As to the charge of the court. The trial judge, in charging the jury, said:

_ “If you believe that the plaintiff’s physical condition is caused by her former mode of living, and not by any injuries that she received at the hands of the defendant company, then you are not to allow her for such injuries.”

This naturally assumes that there was evidence in the record that the injuries she claimed might have been caused by her former mode of living. The only testimony upon this question was that brought out on the cross-examination of Dr. Sanderson, one of the medical witnesses sworn by the plaintiff:

“Q. Would a woman’s life, had she been perhaps a demimonde in her life — would that tend to prolapse the uterus?
“A. No, sir.
“Q. Sexual intercourse, no matter how frequent or promiscuous, would not affect the uterus — do you mean to say that?
“Mr. Payne: I want to object to all this. There is no time fixed any way. I want the time and the place placed on the record. Mr. Harward is trying to make out that she was a demimonde, as he calls her.
“Q. I said, would the life of a demimonde — I think I have got a right to ask him under the testimony in this case, and under the admissions of the plaintiff, your honor.
“The Court: You may proceed. Note an exception for the plaintiff.
“Q. I say, would the life of such a woman tend to affect her uterus in any way?
*381“The Court: That question has been answered, I think.
“Mr. Harward: What?
“The Court: That question was answered, I think, by the doctor.
“A. It might not cause any injury to the uterus at all, unless it were an infection. There are no evidences or signs of such now, or of womb infection. There are no symptoms in the womb of infection. When I looked her over, there wasn’t any evidence that there had been any infection, none whatever. Such a life has no effect on the organs that she complains of here, unless there is an infection, or pregnancy develops; the mere fact of intercourse does not injure the uterus at all.
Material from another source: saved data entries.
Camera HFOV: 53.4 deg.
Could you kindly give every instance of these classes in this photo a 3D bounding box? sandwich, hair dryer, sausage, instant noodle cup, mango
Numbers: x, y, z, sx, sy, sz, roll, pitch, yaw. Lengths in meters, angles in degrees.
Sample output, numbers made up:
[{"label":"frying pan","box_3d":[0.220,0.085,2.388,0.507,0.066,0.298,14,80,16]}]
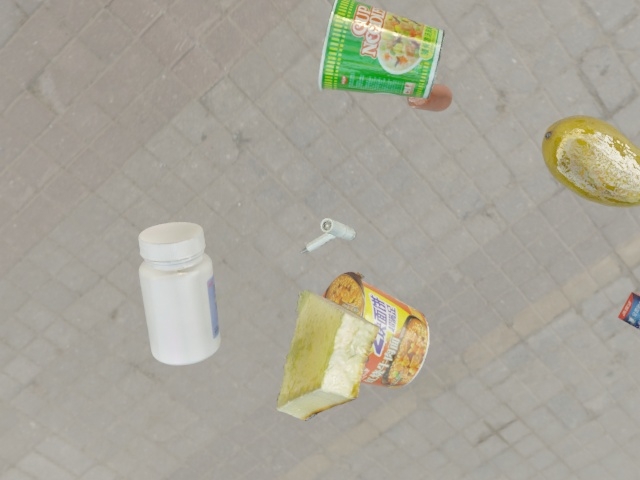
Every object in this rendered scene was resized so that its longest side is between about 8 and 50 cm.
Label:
[{"label":"sandwich","box_3d":[0.015,0.131,0.864,0.058,0.193,0.162,28,141,-22]},{"label":"hair dryer","box_3d":[-0.005,-0.001,1.852,0.183,0.044,0.155,-26,158,21]},{"label":"sausage","box_3d":[0.289,-0.379,1.679,0.194,0.077,0.077,-9,133,-54]},{"label":"instant noodle cup","box_3d":[0.096,0.185,1.225,0.174,0.213,0.213,22,114,-22]},{"label":"instant noodle cup","box_3d":[0.130,-0.391,1.335,0.232,0.207,0.207,12,117,3]},{"label":"mango","box_3d":[0.689,-0.181,1.556,0.331,0.142,0.195,32,73,-3]}]

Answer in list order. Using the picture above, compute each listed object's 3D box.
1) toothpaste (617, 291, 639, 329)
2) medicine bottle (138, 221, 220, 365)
[{"label":"toothpaste","box_3d":[0.880,0.197,1.617,0.320,0.066,0.076,14,106,-35]},{"label":"medicine bottle","box_3d":[-0.202,0.075,0.910,0.102,0.103,0.187,-4,110,-4]}]

Of course, the uterus might be infected, or pregnancy might come on, and there is a child born or a miscarriage, and that might affect the uterus. Infections, gonorrhea, and such might cause prolapsus in a roundabout way by producing congestion of the uterus, an enlargement of the uterus. I have seen such caused in women. It is not a very frequent cause; but it is a cause.
“Q. Fromlthe inflammation set up the gonococcus?
“A. Yes, sir; but there is none in this case.
“Q. Well, that is a frequent cause, is it not?
“A. No, not a frequent cause. It has occurred; but it is not frequent.
“Q. I think that’s all.
“Mr. Payne: Now, Doctor, you found no evidence of any diseases of any kind?
“A. No, sir; it is in a relaxed condition.
“Mr. Payne: That is all.”

It appears from this testimony that there was no evidence that the plaintiff ever suffered from such disorders as a result of her past life which might have caused the injuries complained of. The evidence is clear that no such condition was discovered by the doctor. It was therefore improper to submit the question to the jury. In the instant case, as it is impossible to tell whether the jury disregarded this in arriving at their verdict, it was prejudicial error to submit it to them. 38 Cyc. p. 1638; Clark v. Rail*382way Co., 149 Mich. 400 (112 N. W. 1121, 12 Am. & Eng. Ann. Cas. 559).

For this reason, the judgment of the trial court must be reversed, and a new trial granted.

Steere, C. J., and Moore, McAlvay, Brooke, Stone, Ostrander, and Bird, JJ., concurred.